LVBench: An Extreme Long Video Understanding Benchmark
Created by
Haebom
Author
Weihan Wang, Zehai He, Wenyi Hong, Yean Cheng, Xiaohan Zhang, Ji Qi, Xiaotao Gu, Shiyu Huang, Bin Xu, Yuxiao Dong, Ming Ding, Jie Tang
Outline
This paper highlights the limitations of existing multimodal large-scale language models and evaluation datasets focused on short-form video understanding (less than one minute), highlighting their inability to meet the needs of real-world applications such as embodied intelligence for long-term decision-making, in-depth movie reviews and discussions, and real-time sports commentary, which require understanding long-form videos. To address this, we propose LVBench, a novel benchmark for long-form video understanding. LVBench consists of a variety of publicly available videos and tasks targeting long-form video understanding and information extraction, designed to evaluate the long-term memory and extended understanding capabilities of multimodal models. Experimental results demonstrate that current multimodal models still underperform on these challenging long-form video understanding tasks.

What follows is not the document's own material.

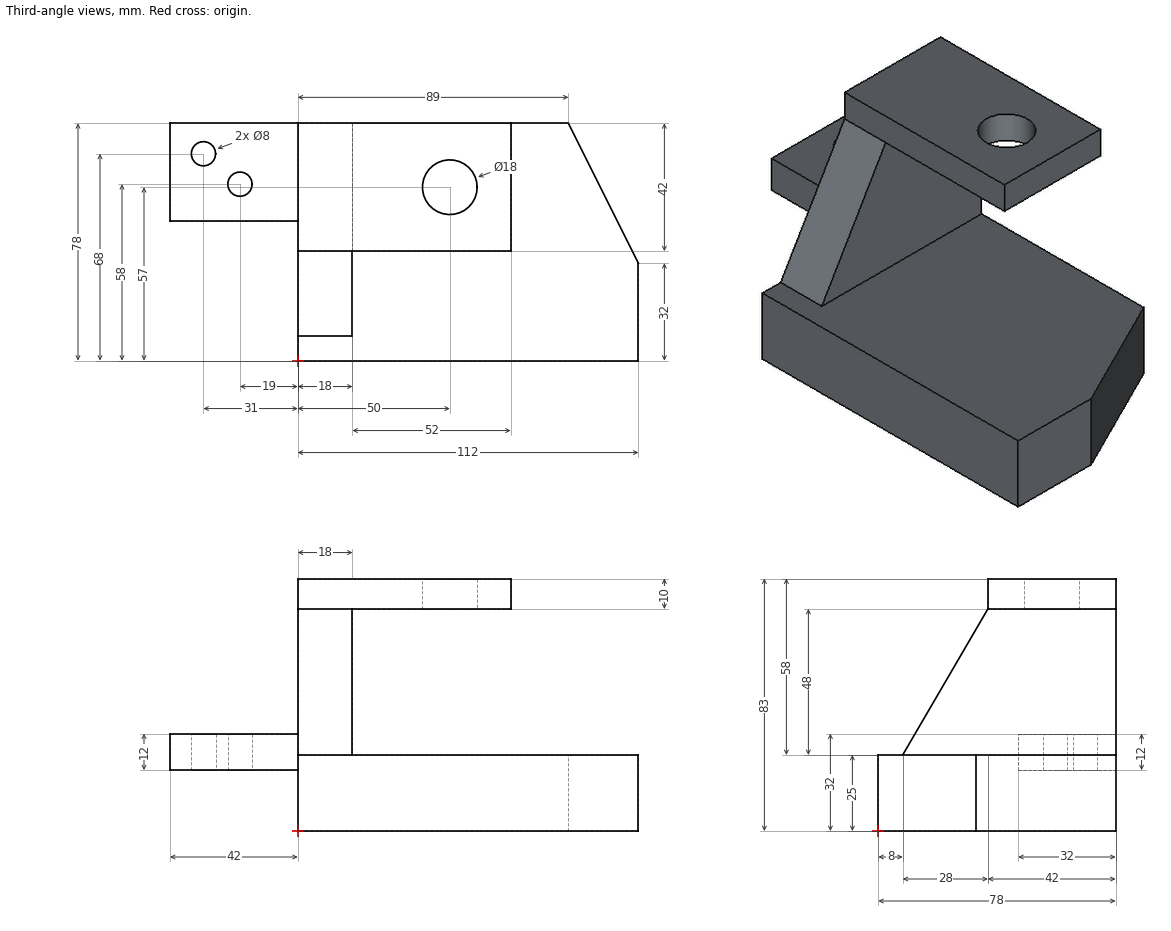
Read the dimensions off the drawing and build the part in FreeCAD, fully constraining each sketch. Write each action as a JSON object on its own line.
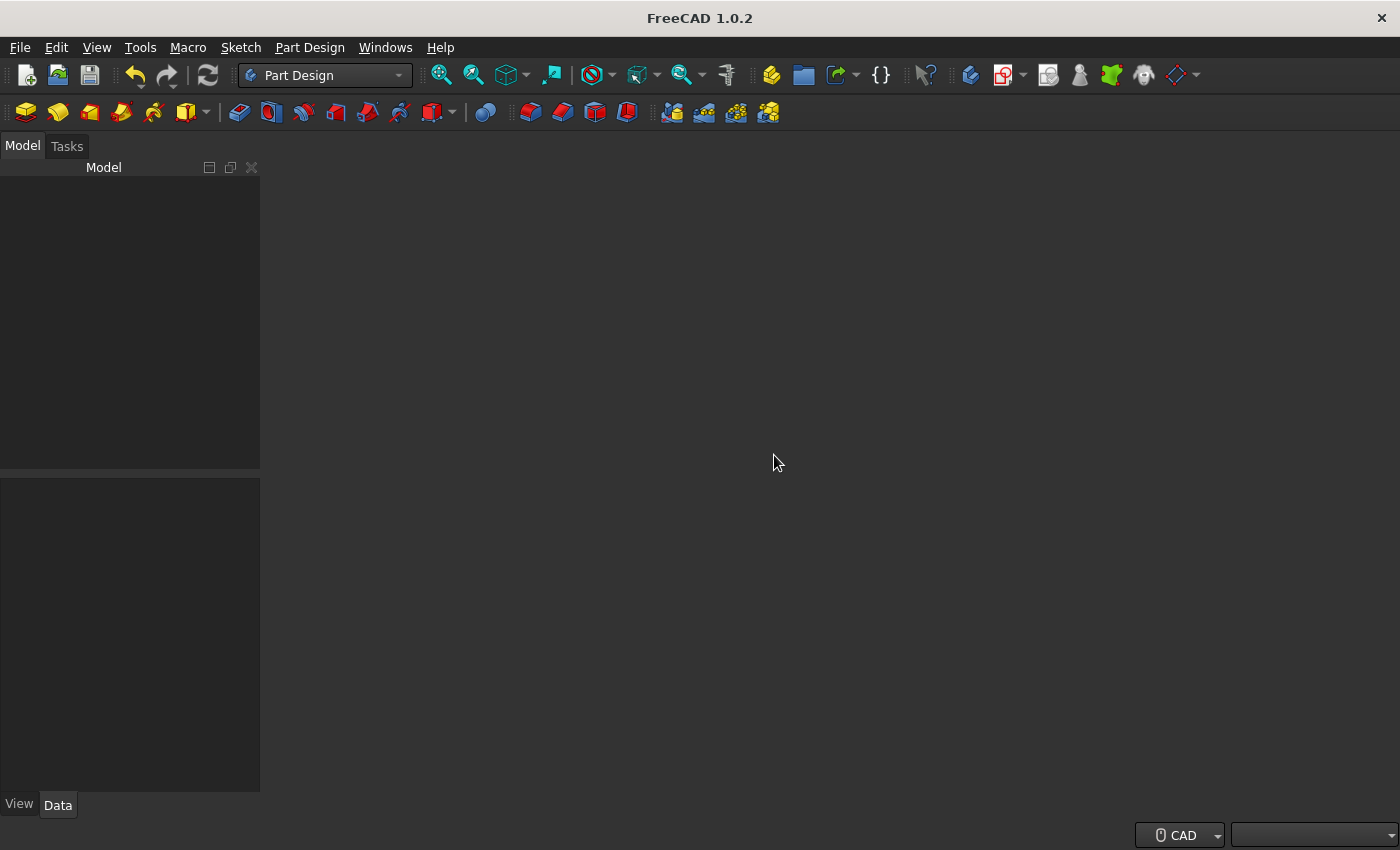
{"action": "key", "text": "ctrl+n"}

LVBench is intended to stimulate the development of more advanced models that can address the complexities of long-form video understanding, and its data and code are publicly available.
Takeaways, Limitations
•
Takeaways: We present LVBench, a new benchmark for long-term image understanding, clarifying the limitations of existing models and suggesting future research directions. The publicly available dataset and code can accelerate the development of multimodal models. This provides a crucial foundation for the development of long-term image understanding technologies required for real-world applications.
•
Limitations: LVBench is still in its early stages, so it needs to incorporate more diverse types of long-term videos and tasks. In-depth analysis of the causes of the current model's poor performance is lacking. Dataset expansion is needed to account for diverse language and cultural backgrounds.